TASK STATEMENT: Within the entries below, find the portion that opens with the line containing "Also the utensil" and closes with the line containing "3. chalk box [371,0,639,473]". Retype that portion exactly and only.

(Records drawn from a dataset)
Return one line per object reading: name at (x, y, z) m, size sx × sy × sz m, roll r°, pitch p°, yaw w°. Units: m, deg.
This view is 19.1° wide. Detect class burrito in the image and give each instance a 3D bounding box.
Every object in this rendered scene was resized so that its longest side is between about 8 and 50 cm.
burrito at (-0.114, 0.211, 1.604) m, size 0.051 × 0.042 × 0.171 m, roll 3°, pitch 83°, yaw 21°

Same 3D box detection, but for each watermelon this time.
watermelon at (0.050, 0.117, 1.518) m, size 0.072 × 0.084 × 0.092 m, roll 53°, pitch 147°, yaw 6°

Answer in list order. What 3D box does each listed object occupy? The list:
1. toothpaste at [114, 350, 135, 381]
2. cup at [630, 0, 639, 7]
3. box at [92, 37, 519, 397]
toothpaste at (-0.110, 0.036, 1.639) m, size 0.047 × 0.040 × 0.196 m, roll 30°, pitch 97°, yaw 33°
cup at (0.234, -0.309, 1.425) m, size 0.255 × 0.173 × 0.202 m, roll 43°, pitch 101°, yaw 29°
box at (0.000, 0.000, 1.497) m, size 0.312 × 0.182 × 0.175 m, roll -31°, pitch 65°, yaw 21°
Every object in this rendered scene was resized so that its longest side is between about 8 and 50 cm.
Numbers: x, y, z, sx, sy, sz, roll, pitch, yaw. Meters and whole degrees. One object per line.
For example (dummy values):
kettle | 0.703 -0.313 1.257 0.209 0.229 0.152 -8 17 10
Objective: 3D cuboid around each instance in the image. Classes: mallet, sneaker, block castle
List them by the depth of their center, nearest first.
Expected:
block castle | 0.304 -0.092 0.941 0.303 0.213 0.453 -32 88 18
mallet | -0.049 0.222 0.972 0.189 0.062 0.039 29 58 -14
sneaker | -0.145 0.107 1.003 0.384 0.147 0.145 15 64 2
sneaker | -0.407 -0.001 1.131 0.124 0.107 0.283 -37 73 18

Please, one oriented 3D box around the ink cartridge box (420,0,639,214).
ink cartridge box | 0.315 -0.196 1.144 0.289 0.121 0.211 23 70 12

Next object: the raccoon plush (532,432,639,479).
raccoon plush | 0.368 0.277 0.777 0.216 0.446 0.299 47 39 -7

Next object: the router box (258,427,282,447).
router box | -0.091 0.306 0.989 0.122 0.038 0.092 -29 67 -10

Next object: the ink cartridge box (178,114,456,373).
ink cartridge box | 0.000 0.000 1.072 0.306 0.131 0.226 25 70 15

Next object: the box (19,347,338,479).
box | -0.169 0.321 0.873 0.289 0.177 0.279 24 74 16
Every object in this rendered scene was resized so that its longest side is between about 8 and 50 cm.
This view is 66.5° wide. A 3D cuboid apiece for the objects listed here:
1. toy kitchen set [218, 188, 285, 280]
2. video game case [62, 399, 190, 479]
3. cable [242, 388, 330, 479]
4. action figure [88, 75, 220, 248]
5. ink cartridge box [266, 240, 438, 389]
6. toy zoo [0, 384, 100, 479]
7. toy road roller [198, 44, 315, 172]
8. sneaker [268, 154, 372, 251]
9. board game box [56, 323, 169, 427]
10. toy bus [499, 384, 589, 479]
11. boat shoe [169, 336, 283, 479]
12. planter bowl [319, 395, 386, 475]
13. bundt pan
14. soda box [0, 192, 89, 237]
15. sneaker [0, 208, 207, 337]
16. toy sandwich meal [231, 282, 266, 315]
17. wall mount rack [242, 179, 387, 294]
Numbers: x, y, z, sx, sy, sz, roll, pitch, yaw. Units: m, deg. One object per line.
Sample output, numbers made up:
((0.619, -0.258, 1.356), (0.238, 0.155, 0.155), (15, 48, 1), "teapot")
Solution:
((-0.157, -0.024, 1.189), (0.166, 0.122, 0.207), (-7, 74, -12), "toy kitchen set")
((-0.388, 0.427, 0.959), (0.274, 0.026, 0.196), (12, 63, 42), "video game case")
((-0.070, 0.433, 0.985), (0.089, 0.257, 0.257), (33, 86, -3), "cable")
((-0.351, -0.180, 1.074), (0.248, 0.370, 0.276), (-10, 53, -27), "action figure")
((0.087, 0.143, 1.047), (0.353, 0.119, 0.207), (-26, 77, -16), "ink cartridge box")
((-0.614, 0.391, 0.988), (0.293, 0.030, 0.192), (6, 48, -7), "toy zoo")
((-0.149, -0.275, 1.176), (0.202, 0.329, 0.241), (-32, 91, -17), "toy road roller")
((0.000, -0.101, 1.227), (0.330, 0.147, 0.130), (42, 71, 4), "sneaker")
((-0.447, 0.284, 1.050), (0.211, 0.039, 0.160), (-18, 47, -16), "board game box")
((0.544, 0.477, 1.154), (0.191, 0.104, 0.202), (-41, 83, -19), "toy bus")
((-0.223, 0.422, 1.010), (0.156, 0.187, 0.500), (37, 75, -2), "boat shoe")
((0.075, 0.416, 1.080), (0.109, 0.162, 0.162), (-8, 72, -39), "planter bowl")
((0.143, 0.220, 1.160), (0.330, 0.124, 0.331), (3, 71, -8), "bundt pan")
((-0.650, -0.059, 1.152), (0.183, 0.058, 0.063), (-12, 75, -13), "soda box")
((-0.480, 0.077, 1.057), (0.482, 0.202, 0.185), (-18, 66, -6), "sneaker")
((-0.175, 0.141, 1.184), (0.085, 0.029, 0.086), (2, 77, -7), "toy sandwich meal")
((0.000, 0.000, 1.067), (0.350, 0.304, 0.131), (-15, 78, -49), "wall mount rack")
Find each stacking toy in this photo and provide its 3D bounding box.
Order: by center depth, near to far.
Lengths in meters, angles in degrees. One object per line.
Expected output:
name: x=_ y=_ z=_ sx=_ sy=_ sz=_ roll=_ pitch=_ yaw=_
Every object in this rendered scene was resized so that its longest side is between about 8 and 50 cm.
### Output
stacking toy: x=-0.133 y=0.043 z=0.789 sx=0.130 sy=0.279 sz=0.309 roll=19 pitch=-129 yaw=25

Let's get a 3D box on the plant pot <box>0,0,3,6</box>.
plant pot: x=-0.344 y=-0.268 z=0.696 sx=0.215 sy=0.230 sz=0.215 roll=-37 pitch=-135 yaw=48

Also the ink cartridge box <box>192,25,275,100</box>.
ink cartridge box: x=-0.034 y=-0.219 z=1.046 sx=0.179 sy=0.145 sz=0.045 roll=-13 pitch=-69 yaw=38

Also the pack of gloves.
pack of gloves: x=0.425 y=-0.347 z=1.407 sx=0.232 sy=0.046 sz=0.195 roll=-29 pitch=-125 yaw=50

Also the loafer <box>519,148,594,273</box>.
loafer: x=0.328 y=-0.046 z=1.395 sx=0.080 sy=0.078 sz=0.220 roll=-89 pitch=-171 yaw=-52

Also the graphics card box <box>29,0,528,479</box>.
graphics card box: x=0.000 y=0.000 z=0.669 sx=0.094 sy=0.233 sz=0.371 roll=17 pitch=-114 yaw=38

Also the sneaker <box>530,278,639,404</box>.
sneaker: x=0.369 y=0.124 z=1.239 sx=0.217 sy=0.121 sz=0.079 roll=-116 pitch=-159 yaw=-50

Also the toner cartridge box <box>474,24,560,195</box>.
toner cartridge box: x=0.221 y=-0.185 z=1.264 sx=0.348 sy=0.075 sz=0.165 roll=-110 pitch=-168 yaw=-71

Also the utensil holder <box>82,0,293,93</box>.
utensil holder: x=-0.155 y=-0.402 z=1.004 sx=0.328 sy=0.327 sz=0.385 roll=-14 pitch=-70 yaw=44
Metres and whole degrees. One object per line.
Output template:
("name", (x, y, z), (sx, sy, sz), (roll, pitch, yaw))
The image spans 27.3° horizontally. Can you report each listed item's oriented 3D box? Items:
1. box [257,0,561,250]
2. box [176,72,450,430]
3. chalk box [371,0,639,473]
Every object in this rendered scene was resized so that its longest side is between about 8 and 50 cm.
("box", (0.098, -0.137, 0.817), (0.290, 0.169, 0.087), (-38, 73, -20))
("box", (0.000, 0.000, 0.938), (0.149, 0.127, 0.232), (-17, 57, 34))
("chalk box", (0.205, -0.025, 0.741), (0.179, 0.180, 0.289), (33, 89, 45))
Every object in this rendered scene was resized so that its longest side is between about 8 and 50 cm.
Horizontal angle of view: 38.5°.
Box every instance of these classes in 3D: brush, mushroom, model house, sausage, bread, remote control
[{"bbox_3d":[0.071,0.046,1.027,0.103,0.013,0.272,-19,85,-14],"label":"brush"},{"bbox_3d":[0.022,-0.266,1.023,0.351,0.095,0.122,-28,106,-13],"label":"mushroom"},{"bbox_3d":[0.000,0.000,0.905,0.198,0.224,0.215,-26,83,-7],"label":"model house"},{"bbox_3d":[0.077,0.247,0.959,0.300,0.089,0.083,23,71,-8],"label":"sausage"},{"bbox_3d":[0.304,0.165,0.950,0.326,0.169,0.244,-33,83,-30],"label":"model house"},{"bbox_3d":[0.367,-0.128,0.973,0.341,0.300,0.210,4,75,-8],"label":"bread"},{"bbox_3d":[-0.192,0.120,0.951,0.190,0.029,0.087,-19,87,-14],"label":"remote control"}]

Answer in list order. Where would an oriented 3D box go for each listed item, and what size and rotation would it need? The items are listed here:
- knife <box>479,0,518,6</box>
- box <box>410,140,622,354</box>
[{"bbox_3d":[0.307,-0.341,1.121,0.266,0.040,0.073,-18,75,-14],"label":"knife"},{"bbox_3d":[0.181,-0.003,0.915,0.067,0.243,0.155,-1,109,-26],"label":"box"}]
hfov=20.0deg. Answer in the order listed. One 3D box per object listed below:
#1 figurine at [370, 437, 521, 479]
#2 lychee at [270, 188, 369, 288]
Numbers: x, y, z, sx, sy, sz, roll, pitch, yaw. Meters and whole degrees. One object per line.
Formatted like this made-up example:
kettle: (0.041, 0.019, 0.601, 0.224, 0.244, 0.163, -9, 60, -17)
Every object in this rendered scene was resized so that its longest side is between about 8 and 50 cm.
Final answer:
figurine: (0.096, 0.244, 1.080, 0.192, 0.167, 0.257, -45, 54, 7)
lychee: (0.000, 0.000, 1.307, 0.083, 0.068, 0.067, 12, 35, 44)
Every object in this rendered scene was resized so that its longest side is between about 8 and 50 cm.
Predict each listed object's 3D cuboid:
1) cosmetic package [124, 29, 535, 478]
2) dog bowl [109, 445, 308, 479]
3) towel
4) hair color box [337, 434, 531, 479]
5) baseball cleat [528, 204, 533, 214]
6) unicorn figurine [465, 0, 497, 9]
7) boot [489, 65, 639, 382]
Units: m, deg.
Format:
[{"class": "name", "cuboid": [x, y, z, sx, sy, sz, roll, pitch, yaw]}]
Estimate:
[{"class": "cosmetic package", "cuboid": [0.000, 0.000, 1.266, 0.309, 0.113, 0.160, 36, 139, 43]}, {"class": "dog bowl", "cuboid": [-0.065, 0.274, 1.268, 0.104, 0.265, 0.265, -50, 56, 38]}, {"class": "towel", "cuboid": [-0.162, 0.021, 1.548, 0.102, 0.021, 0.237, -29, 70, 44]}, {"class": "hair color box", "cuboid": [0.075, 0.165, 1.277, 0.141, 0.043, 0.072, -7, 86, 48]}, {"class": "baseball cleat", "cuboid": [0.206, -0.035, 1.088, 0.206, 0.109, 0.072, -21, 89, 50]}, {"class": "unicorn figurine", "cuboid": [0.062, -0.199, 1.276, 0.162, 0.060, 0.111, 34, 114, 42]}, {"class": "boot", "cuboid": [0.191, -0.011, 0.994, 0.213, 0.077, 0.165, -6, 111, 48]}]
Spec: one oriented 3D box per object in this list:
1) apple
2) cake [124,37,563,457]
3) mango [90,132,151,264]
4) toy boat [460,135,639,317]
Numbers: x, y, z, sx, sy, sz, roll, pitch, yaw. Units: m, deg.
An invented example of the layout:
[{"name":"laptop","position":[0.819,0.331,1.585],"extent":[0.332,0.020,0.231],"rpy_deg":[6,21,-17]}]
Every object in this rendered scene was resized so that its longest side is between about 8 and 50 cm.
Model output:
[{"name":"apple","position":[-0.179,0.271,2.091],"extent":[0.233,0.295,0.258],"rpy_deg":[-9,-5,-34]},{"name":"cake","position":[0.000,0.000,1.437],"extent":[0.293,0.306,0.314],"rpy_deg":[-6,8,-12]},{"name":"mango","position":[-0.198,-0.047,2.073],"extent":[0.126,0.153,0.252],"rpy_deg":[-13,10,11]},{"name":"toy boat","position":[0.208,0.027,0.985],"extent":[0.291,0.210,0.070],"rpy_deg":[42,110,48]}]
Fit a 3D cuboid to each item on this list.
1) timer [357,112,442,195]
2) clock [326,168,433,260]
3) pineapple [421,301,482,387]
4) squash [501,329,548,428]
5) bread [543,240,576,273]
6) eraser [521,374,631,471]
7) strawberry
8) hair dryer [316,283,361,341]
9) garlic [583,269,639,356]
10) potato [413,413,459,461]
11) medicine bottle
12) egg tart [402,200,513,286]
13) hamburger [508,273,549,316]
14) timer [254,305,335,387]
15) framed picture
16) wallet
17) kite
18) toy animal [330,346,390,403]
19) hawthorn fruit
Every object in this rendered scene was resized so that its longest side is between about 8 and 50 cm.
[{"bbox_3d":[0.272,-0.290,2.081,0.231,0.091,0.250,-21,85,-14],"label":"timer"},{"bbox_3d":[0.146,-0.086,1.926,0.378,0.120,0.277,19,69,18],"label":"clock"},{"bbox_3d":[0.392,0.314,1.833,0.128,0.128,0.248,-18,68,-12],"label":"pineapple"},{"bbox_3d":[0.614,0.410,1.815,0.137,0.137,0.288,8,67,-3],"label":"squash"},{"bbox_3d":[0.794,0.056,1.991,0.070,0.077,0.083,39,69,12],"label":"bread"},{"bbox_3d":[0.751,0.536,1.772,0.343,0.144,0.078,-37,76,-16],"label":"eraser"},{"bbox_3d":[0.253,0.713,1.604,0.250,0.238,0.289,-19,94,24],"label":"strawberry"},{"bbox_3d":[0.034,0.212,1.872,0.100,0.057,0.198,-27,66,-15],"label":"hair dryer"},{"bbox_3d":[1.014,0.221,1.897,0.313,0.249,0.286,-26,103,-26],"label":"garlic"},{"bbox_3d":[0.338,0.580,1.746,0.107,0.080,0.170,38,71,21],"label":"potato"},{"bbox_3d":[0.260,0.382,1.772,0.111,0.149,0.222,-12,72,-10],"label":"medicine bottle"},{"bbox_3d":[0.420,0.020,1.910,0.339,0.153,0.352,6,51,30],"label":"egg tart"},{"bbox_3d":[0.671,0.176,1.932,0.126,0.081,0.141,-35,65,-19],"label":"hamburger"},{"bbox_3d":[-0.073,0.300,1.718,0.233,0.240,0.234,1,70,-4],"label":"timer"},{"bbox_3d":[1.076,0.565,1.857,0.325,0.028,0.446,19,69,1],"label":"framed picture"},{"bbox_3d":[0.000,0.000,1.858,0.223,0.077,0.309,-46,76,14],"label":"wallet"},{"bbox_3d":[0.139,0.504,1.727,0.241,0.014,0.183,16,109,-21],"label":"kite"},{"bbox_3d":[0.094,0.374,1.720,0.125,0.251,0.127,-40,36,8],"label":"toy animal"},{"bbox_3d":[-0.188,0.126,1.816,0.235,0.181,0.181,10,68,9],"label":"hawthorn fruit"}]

RESPONSE:
Also the utensil holder <box>82,0,293,93</box>.
utensil holder: x=-0.155 y=-0.402 z=1.004 sx=0.328 sy=0.327 sz=0.385 roll=-14 pitch=-70 yaw=44
Metres and whole degrees. One object per line.
Output template:
("name", (x, y, z), (sx, sy, sz), (roll, pitch, yaw))
The image spans 27.3° horizontally. Can you report each listed item's oriented 3D box? Items:
1. box [257,0,561,250]
2. box [176,72,450,430]
3. chalk box [371,0,639,473]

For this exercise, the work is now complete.